YOUR TASK
If a line of the data below contains the string "Sebastiano", copy it into your answer.

[Data extracted from a collection]
* * * * * * * * *

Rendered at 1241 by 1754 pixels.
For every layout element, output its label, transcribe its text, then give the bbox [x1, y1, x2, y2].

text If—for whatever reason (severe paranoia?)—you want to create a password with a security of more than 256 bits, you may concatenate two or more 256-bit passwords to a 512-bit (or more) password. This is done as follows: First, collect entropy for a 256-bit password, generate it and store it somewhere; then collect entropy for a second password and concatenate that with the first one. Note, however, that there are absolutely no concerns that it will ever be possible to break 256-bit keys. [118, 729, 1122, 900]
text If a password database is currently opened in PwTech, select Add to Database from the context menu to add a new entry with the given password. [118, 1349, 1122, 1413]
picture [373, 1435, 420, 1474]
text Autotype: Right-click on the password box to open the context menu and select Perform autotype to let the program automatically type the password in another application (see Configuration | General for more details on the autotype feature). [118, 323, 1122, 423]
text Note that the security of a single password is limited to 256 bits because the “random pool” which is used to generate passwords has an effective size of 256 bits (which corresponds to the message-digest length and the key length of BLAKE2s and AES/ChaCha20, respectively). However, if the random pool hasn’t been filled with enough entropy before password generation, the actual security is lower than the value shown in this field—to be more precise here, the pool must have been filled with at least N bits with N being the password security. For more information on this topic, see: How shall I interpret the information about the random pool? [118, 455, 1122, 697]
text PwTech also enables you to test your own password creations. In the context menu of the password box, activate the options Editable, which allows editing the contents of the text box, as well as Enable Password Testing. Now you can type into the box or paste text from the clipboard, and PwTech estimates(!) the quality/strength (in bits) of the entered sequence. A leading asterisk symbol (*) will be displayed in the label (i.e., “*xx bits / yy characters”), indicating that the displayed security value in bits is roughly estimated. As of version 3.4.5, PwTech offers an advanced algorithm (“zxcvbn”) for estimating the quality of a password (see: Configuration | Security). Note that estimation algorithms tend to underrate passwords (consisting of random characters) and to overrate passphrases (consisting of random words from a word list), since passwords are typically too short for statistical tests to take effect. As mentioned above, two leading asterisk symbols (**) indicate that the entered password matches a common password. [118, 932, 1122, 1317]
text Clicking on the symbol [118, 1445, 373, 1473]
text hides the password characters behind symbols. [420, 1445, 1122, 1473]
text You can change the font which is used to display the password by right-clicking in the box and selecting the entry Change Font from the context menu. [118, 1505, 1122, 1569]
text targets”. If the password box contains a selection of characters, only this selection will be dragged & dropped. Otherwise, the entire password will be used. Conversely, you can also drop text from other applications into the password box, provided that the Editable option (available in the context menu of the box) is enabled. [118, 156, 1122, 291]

* * * * * * * * *

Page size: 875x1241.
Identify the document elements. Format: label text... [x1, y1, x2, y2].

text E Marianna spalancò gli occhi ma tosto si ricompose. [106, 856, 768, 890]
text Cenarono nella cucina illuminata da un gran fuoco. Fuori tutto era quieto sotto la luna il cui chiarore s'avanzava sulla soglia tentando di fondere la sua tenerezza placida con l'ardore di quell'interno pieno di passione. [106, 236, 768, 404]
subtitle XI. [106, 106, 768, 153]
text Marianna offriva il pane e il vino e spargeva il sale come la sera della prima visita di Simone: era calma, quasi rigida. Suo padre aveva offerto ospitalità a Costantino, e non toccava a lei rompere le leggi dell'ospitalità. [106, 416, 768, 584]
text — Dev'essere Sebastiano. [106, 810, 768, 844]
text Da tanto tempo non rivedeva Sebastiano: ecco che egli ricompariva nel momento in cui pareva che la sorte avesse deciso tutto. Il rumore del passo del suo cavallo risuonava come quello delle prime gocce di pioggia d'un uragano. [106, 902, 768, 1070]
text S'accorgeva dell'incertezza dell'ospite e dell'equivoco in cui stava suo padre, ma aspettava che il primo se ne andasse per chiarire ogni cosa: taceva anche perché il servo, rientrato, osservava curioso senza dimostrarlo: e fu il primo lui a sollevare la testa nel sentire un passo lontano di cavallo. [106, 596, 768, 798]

* * * * * * * * *

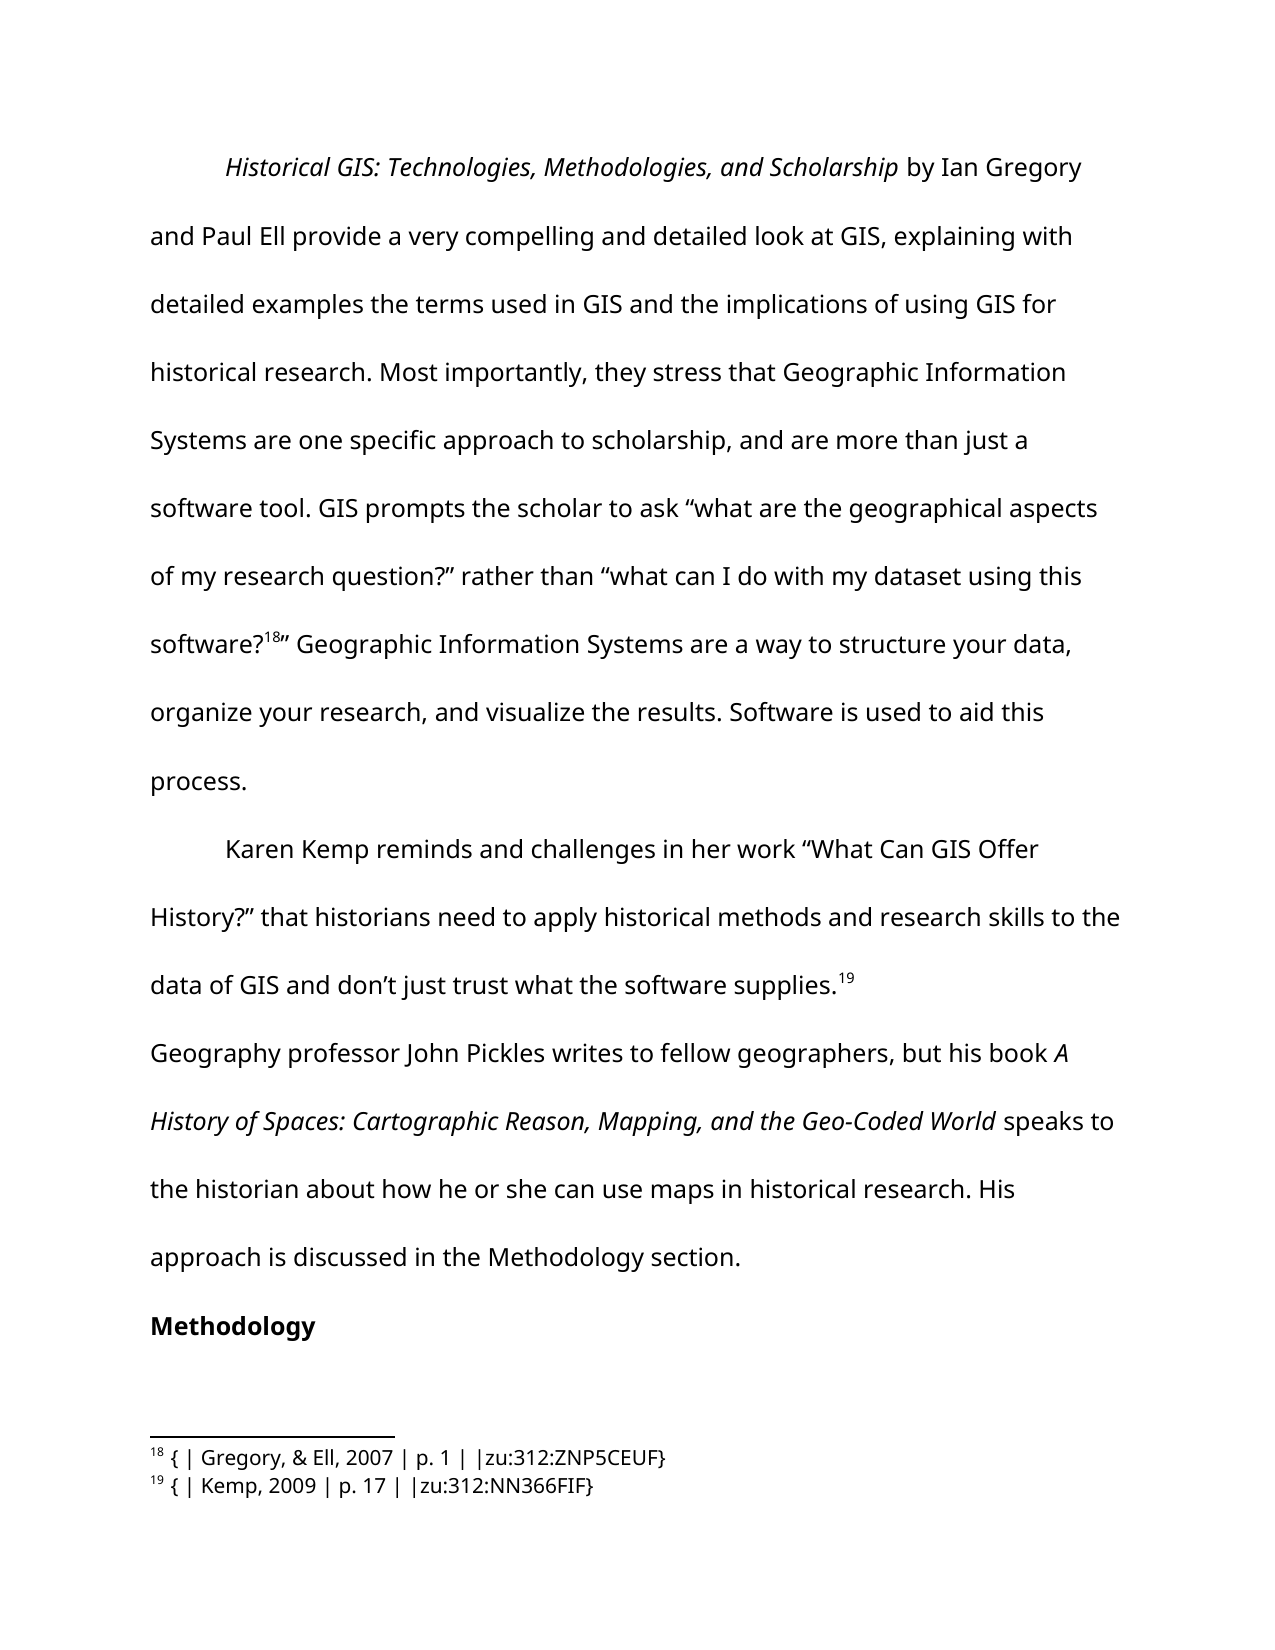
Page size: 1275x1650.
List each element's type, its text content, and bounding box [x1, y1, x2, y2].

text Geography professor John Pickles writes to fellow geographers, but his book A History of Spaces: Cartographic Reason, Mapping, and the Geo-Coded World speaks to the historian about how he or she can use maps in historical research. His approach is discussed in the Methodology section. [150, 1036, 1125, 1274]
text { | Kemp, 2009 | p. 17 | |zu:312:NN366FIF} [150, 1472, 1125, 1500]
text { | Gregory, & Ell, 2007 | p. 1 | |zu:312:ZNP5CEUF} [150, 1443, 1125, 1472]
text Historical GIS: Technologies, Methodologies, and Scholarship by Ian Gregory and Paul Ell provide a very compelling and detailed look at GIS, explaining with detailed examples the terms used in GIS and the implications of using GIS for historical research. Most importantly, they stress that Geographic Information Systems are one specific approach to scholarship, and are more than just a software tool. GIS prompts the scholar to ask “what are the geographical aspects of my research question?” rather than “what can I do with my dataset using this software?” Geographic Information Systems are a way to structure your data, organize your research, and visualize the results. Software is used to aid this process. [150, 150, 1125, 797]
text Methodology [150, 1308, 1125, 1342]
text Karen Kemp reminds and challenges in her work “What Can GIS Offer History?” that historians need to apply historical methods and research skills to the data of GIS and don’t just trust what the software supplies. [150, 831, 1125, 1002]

* * * * * * * * *

REPLY TO THE TASK
text — Dev'essere Sebastiano. [106, 810, 768, 844]
text Da tanto tempo non rivedeva Sebastiano: ecco che egli ricompariva nel momento in cui pareva che la sorte avesse deciso tutto. Il rumore del passo del suo cavallo risuonava come quello delle prime gocce di pioggia d'un uragano. [106, 902, 768, 1070]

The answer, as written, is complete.